Abstract

Acoustic displacement triangle based on the individual element test

S. Correa^{I, *} * Author email: scorrea5@eafit.edu.co ; C. Militello^II; M. Recuero^III

^IDepartment of Product Design Engineering. EAFIT University, Medelln-Colombia

^IIDepartment of Fundamental Physics, Experimental, Electronics and Systems. Universidad de La Laguna, S/C de Tenerife, Spain

^IIIDepartment of Mechanics. School of Industrial Engineers. Universidad Politecnica de Madrid. Madrid, Spain

ABSTRACT

A three node -displacement based- acoustic element is developed. In order to avoid spurious rotational modes, a higher order stiffness is introduced. This higher order stiffness is developed from an incompatible strain field which computes element volume changes under nodal rotational displacements fields. The higher order strain resulting from the incompatible strain field satisfies the Individual Element Test (IET) requirements without affecting convergence. The higher order stiffness is modulated, element by element, with a factor. As a result, the displacement based formulation presented on this paper is capable of placing the spurious rotational modes above the range of the physical compressional modes that can be accurately calculated by the mesh.

Keywords: Fluid-structure interaction, Displacement-based formulation, Spurious modes, Individual Element Test, Parameterized Variational Principle

1 INTRODUCTION

Acoustic propagation in an inviscid media is generally studied using the pressure p as primitive variable. Consequently, after the finite element approximation, only one unknown variable per node is obtained. This is a drastic reduction on the number of unknown variables as compared to a displacement based formulation where two unknown displacements u,v at each node are necessary to describe the problem. The only drawback in using a pressure formulation can be found when the fluid is interfaced with an elastic solid because both of them do not share the same variables. To overcome this issue, an equilibrium constraint must be imposed at the fluid-solid boundary. Therefore, an acoustic fluid element cannot be handled by a finite element code as any other structural element. Displacement, pressure, displacement-pressure and velocity potential elements have been developed in the past. References [2–4, 7, 9, 10, 12–14] are, in the authors' opinion, the most relevant.

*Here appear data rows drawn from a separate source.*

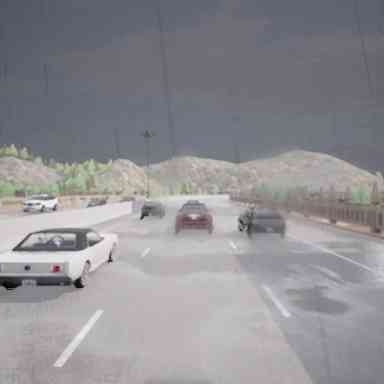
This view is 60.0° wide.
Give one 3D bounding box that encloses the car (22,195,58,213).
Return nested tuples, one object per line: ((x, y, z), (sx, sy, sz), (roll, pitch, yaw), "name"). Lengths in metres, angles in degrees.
((-17.544, 1.328, 38.779), (2.150, 2.045, 5.566), (0, 0, 0), "car")

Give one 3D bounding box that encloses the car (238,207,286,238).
((3.609, 1.539, 17.809), (2.128, 1.511, 4.902), (0, 0, 0), "car")

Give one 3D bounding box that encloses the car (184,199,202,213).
((0.122, 1.657, 40.857), (2.033, 1.411, 5.357), (0, 0, 0), "car")

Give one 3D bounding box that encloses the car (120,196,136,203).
((-10.485, 1.497, 54.645), (2.097, 1.767, 4.553), (0, 0, 0), "car")

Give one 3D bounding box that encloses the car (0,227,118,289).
((-3.402, 1.626, 9.174), (1.895, 1.301, 4.718), (0, 0, 0), "car")

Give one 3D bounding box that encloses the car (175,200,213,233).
((0.111, 1.406, 19.954), (2.097, 1.767, 4.553), (0, 0, 0), "car")

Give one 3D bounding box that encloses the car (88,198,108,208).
((-14.003, 1.625, 49.685), (2.128, 1.511, 4.902), (0, 0, 1), "car")

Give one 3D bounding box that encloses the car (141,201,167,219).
((-3.386, 1.584, 29.570), (1.837, 1.490, 4.892), (0, 0, 0), "car")
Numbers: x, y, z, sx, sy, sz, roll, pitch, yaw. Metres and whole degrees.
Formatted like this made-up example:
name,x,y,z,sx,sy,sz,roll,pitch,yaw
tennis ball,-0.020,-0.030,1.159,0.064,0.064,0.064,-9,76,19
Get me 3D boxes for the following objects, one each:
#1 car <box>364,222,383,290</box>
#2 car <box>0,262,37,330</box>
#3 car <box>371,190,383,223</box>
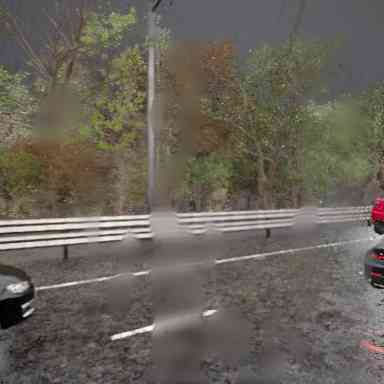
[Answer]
name,x,y,z,sx,sy,sz,roll,pitch,yaw
car,6.055,1.554,8.028,4.892,1.490,1.837,0,0,-35
car,-4.859,1.487,4.587,4.902,1.511,2.128,0,0,-35
car,10.487,1.037,15.319,5.566,2.045,2.150,7,3,-36
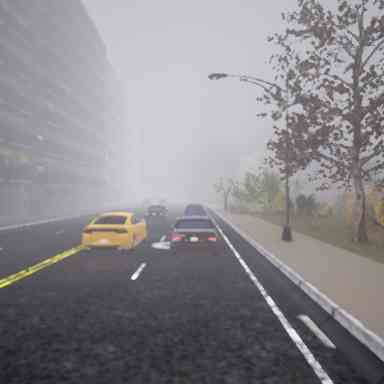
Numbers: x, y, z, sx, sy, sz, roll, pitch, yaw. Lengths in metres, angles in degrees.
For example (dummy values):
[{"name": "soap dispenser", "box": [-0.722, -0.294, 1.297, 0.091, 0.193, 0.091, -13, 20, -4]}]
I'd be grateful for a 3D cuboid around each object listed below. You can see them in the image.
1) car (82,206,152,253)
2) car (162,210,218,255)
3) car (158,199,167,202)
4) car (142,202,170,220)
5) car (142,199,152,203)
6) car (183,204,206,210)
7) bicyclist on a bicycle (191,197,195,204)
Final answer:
[{"name": "car", "box": [-3.149, 1.614, 14.389, 1.882, 1.535, 5.008, 0, 0, 1]}, {"name": "car", "box": [0.092, 1.680, 13.867, 2.033, 1.411, 5.357, 0, -1, 1]}, {"name": "car", "box": [-6.298, 2.185, 71.006, 1.837, 1.490, 4.892, 0, -1, -1]}, {"name": "car", "box": [-3.015, 1.824, 28.898, 2.033, 1.411, 5.357, 0, -1, 1]}, {"name": "car", "box": [-9.546, 2.185, 70.885, 1.837, 1.490, 4.892, 0, -1, -1]}, {"name": "car", "box": [0.243, 1.760, 29.360, 1.882, 1.535, 5.008, 0, 0, 1]}, {"name": "bicyclist on a bicycle", "box": [0.368, 2.325, 89.817, 0.582, 1.620, 1.656, 0, -1, -3]}]
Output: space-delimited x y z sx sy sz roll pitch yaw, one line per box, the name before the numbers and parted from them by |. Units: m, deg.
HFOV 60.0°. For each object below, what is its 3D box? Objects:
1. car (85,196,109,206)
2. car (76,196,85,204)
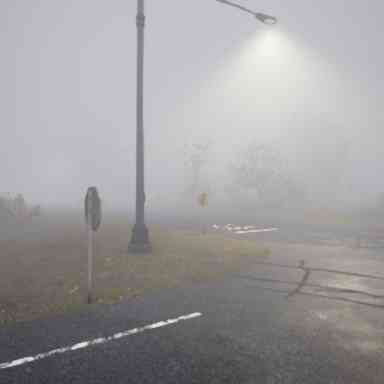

Displacement formulations have been reported by many authors. The formulation of these elements following finite element standard procedures produces a rank deficient stiffness matrix. This rank deficiency is not an error because the strain energy in an acoustic fluid is only computed from volume changes. The displacement field inside the element computes element shape changes with no volume changes. Any displacement field that describes shape changes without volume variation expands the null space of the stiffness matrix. This displacement field is called spurious because, despite being consistent with the formulation, it is not expected in a true irrotational formulation. Moreover, when an eigenfrequency problem is solved, the spurious displacement field produces low frequency rotational modes. Many authors [2, 10, 14] compute the rotational of the displacement field and add a fictitious rotational energy. There is not a constitutive equation for such behavior and a fictitious elastic coefficient must be introduced, appearing in the formulation as a penalty factor. Generally, the value suggested for the factor ranges from 1 to 1,000 times the compressibility modulus. This variability of the factor is a serious drawback because the results strongly depend on this a priori tuning.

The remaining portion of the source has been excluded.